A declaração do presidente Jair Bolsonaro (PL) de que a ministra da Mulher, Família e Direitos Humanos, Damares Alves (sem partido) pode disputar o Senado por São Paulo  desagradou pré-candidatos que esperavam contar com o apoio do presidente e dividiu ainda mais o palanque na direita no maior colégio eleitoral do país.

O cenário é parecido com o que se vê no governo estadual, onde o ex-ministro da Educação Abraham Weintraub, antigo aliado do presidente, disputa o eleitorado bolsonarista com o ministro da Infraestrutura, Tarcísio Freitas.

Deputada estadual mais votada da história do país, Janaína Paschoal (PSL) esperava o apoio de Bolsonaro para concorrer ao Senado, isso mesmo após romper com presidente e se tornar crítica de seu governo, já tendo dito em redes sociais que o mandatário parecia filiado ao PSOL. Nos últimos meses, no entanto, para viabilizar o apoio, a parlamentar voltou a acenar para a base bolsonarista e começou a trabalhar por uma aliança com Tarcísio.

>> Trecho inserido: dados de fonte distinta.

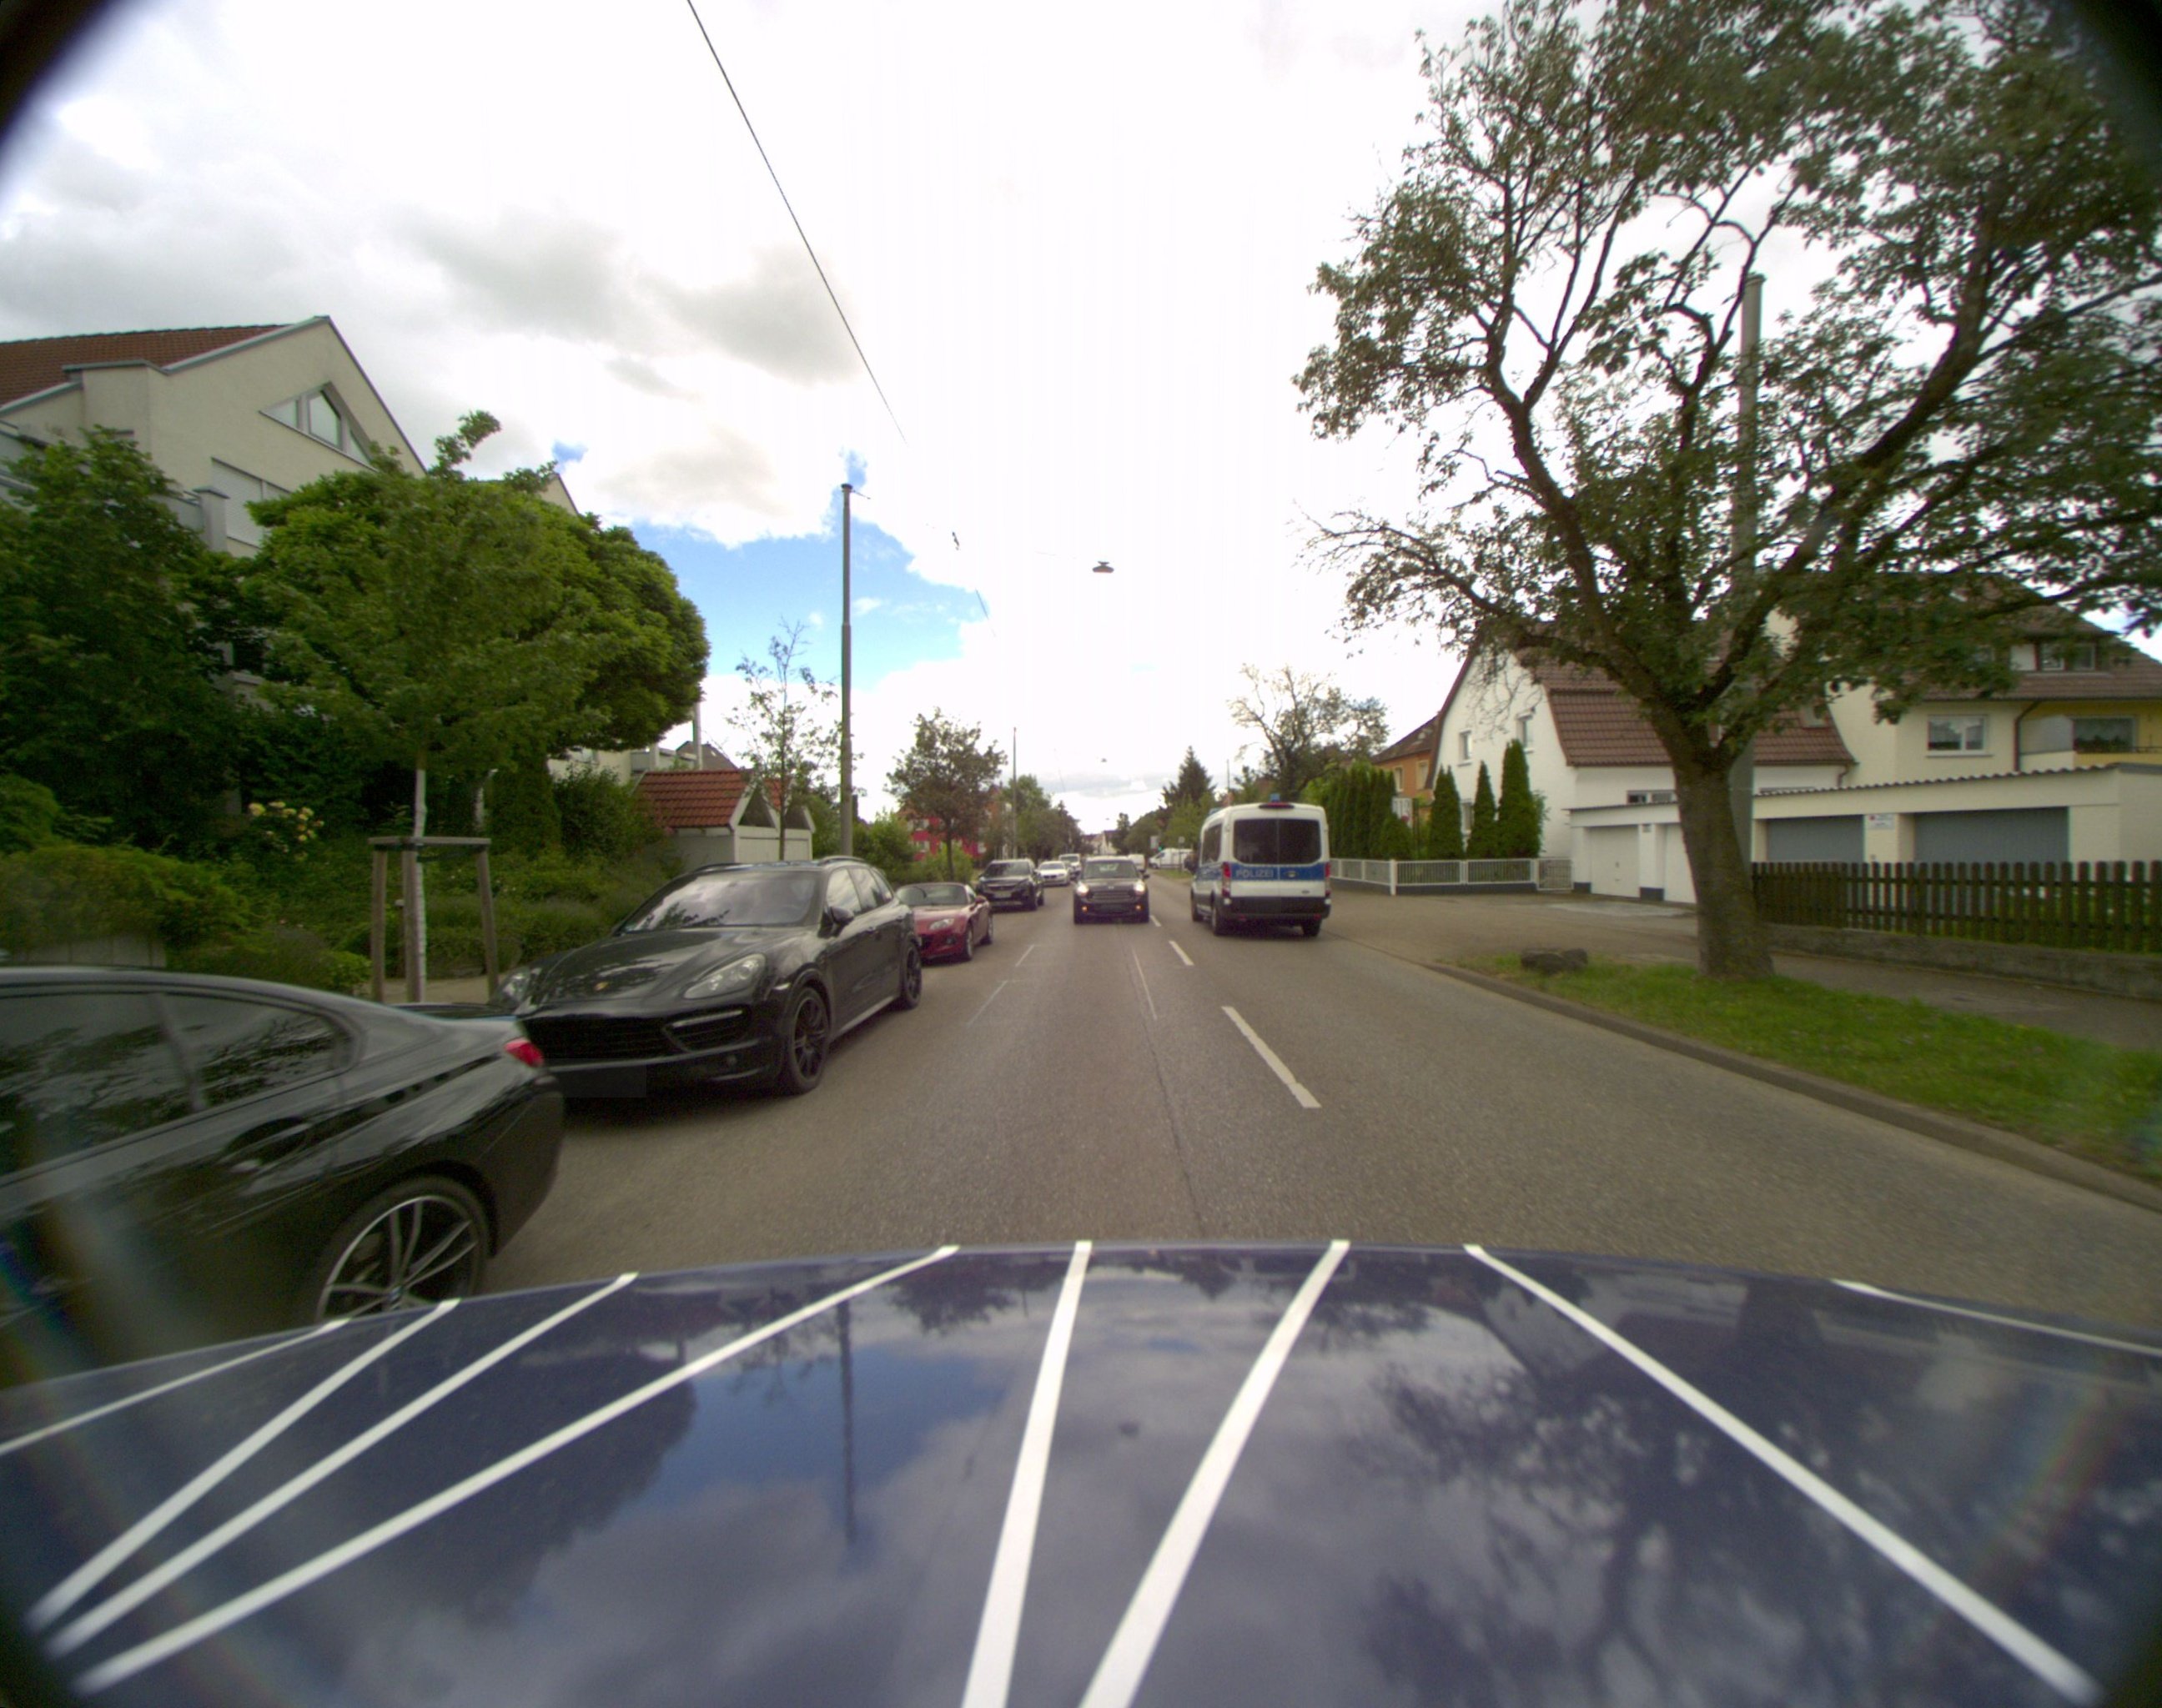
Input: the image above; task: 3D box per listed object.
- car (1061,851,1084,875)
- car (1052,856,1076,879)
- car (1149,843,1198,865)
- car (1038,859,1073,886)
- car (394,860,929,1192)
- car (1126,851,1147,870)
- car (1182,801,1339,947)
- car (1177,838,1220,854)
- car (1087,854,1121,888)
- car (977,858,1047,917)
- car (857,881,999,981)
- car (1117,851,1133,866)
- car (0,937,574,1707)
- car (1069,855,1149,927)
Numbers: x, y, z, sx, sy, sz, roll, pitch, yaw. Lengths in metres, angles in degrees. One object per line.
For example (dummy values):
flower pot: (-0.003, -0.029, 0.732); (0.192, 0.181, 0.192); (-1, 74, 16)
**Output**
car: (-0.714, 0.753, 65.715); (1.779, 1.932, 4.788); (-2, 0, 1)
car: (-1.219, 0.972, 55.825); (1.669, 1.507, 4.220); (-2, 0, 0)
car: (11.347, 0.003, 92.931); (5.610, 2.549, 2.133); (1, 1, 19)
car: (-1.417, 1.042, 44.473); (1.697, 1.445, 4.405); (-3, 0, 2)
car: (-2.787, 0.982, 6.489); (1.834, 1.702, 4.549); (-3, 0, 2)
car: (5.187, 0.576, 71.947); (1.799, 1.741, 4.299); (0, 0, 2)
car: (3.545, 0.354, 16.169); (2.078, 2.567, 5.300); (1, 0, 1)
car: (13.523, -0.935, 87.633); (4.643, 1.611, 2.001); (-2, 0, 3)
car: (1.208, 0.814, 38.548); (1.590, 1.598, 3.685); (-1, 0, 3)
car: (-2.124, 0.988, 24.479); (1.692, 1.600, 4.109); (-3, 0, 2)
car: (-2.451, 1.190, 13.058); (1.485, 1.229, 3.884); (-4, 0, 1)
car: (5.249, 0.513, 91.015); (1.818, 1.683, 4.465); (0, 0, 1)
car: (-2.948, 1.096, 0.676); (1.834, 1.448, 4.550); (-3, 0, 1)
car: (0.713, 0.823, 18.817); (1.743, 1.573, 3.685); (-1, 0, 3)
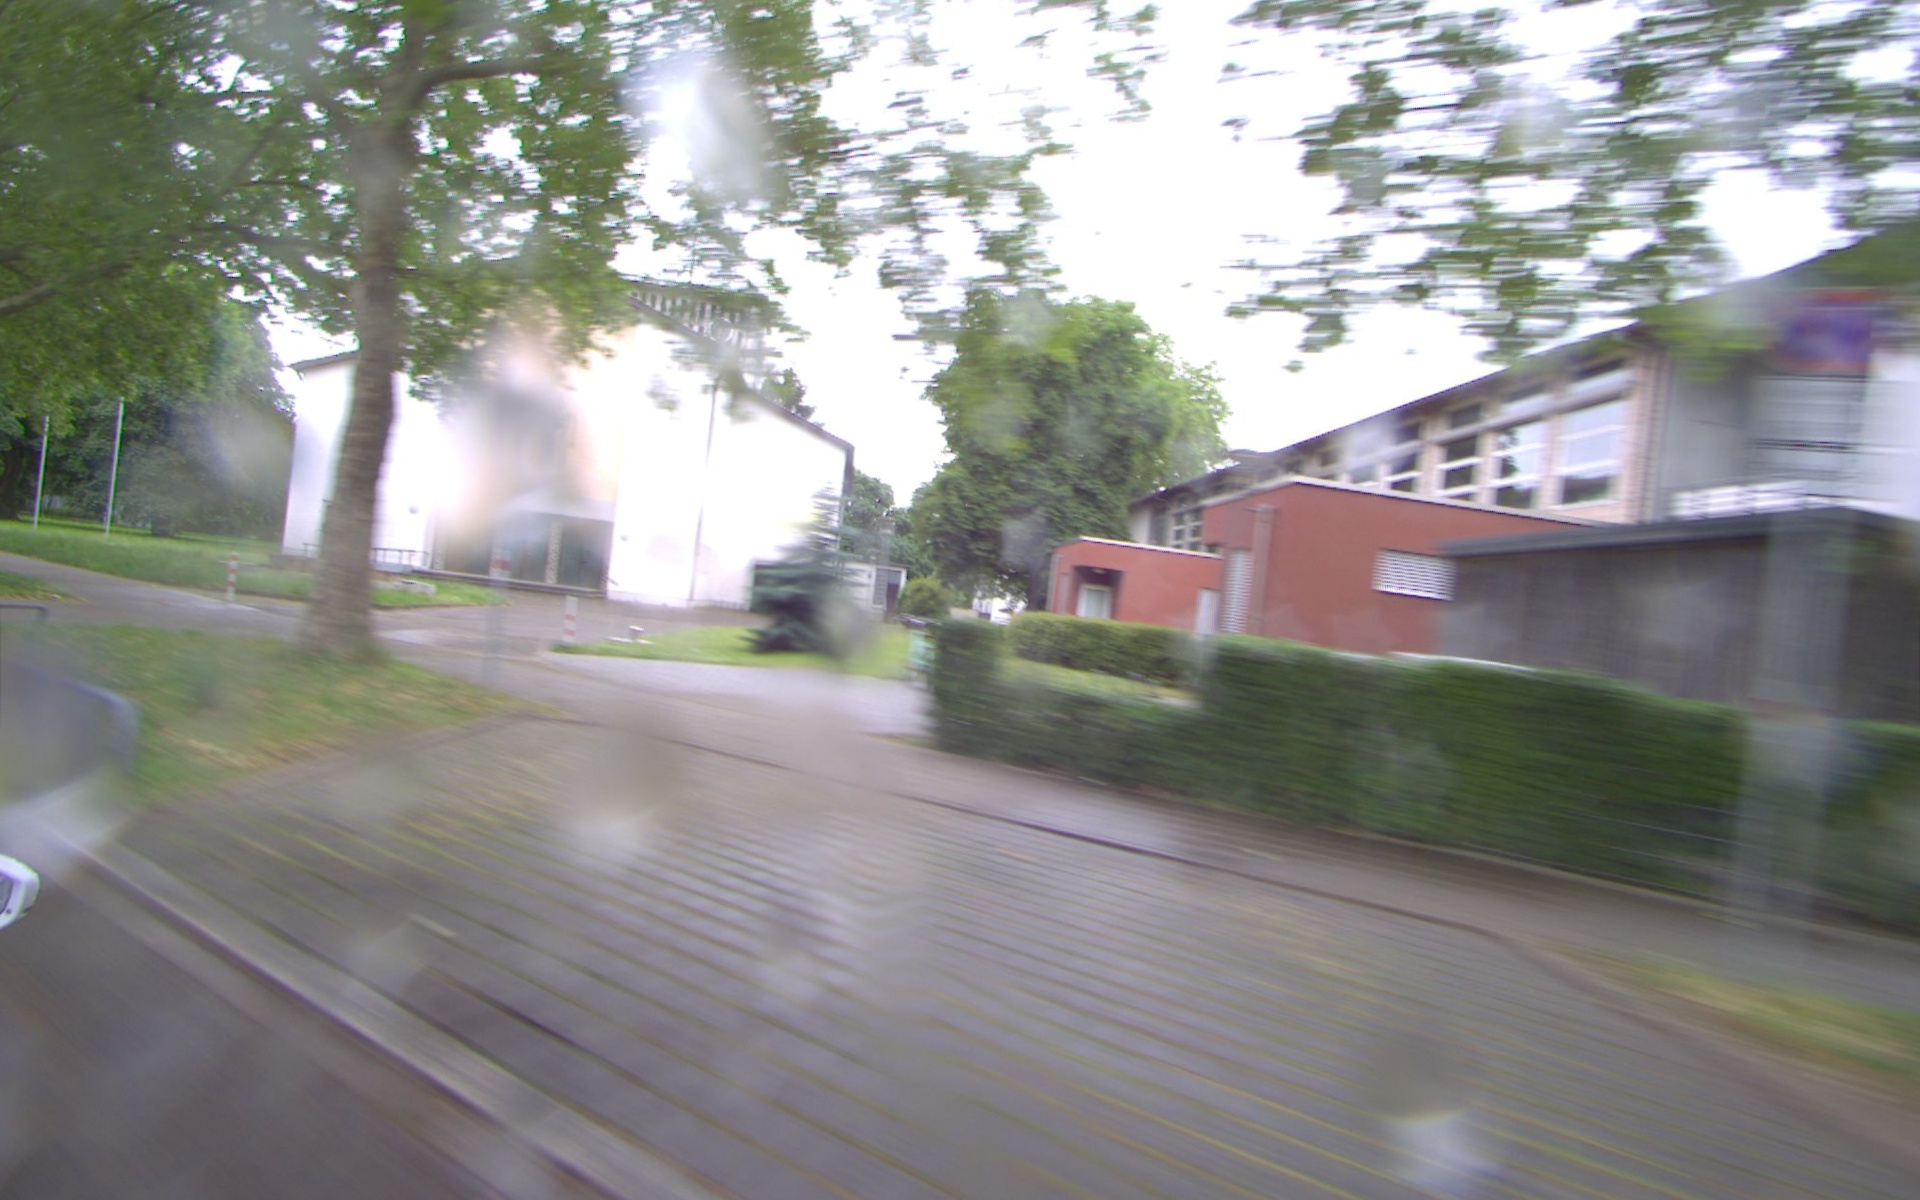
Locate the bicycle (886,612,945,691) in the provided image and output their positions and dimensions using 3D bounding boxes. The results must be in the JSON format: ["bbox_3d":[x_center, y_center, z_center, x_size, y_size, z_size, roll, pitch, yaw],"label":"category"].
[{"bbox_3d":[-0.776,0.828,16.844,0.457,1.105,2.038,5,1,-15],"label":"bicycle"}]

Ao comentar o convite a Damares, Janaína disse que Bolsonaro gosta de prejudicar a direita. Já fez isso em 2020 está fazendo de novo, declarou:

— Ele (Bolsonaro) quer vassalos. Nada além disso. E ele sabe que eu não sou — disse a deputada, que ainda criticou a escolha da ministra. — É preciso lembrar que o Senado é a casa em que o estados são representados. Quanto às pautas conservadoras, para defendê-las, é preciso bem mais do que dizer que menina veste rosa e menino veste azul — afirmou ela, em referência à polêmica frase dita pela ministra em 2019.

Segundo Janaína, a pré-candidatura está mantida mesmo sem o apoio do presidente:

— Eu anunciei minha pré-candidatura bem antes, não pedi aval, nem apoio de ninguém — afirmou a deputada, que vai deixar o PSL nos próximos meses. — Só me querem para puxar os candidatos escolhidos pela cúpula.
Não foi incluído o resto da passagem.